:: Required work ::
Keep the pictures out, and restate the listing that follows exactly as written.

+++ Source data +++

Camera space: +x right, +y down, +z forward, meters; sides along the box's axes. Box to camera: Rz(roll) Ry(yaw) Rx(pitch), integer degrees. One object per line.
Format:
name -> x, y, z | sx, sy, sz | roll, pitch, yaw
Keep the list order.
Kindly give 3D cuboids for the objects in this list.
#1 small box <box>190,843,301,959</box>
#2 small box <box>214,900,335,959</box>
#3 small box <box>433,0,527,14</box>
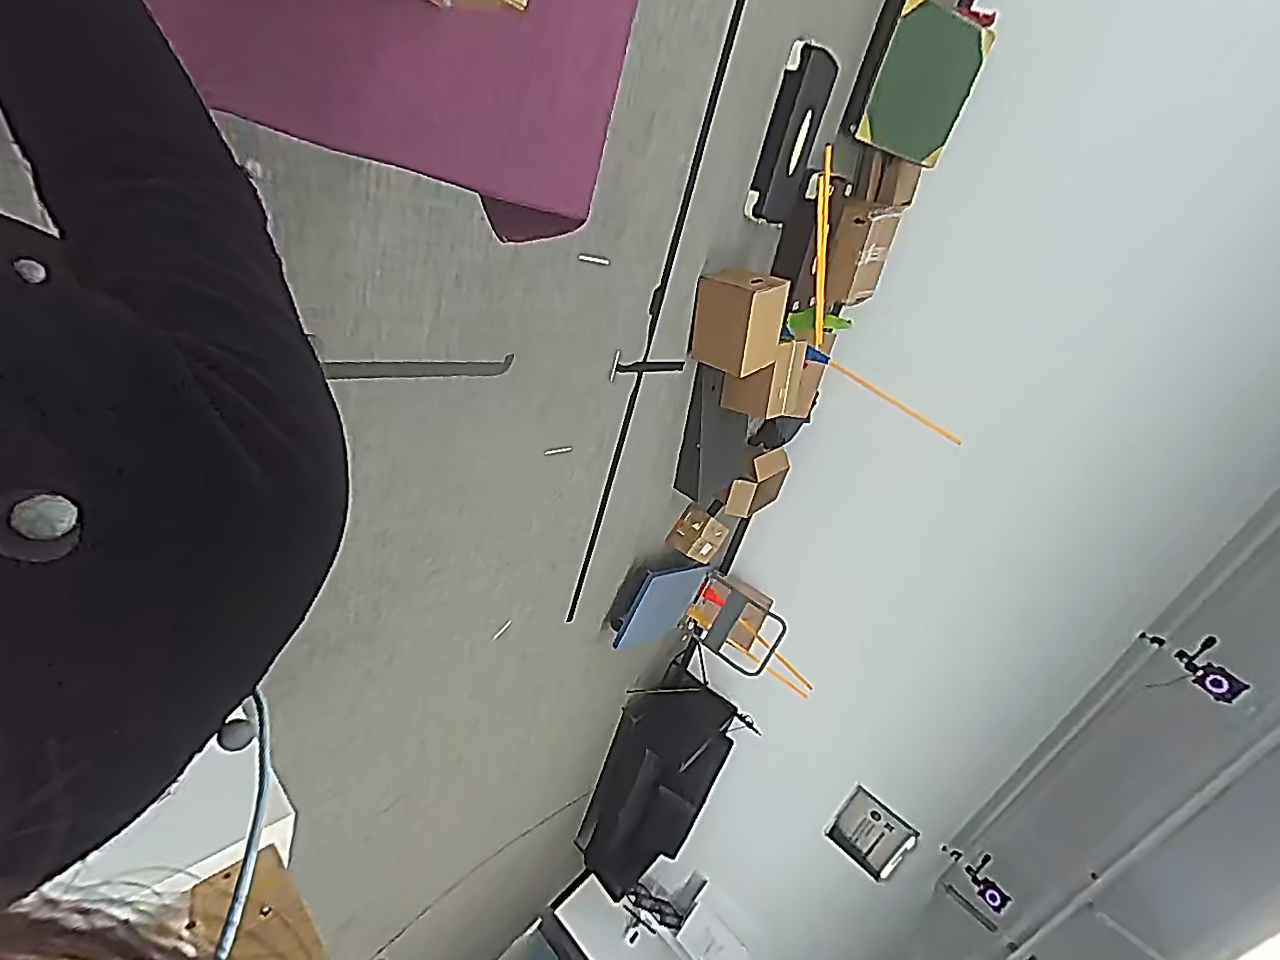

+++

:: Response ::
Camera space: +x right, +y down, +z forward, meters; sides along the box's axes. Box to camera: Rz(roll) Ry(yaw) Rx(pitch), integer degrees. One object per line.
Format:
name -> x, y, z | sx, sy, sz | roll, pitch, yaw
Keep the list order.
Kindly give 3D cuboids for the objects in this list.
#1 small box <box>190,843,301,959</box>
#2 small box <box>214,900,335,959</box>
#3 small box <box>433,0,527,14</box>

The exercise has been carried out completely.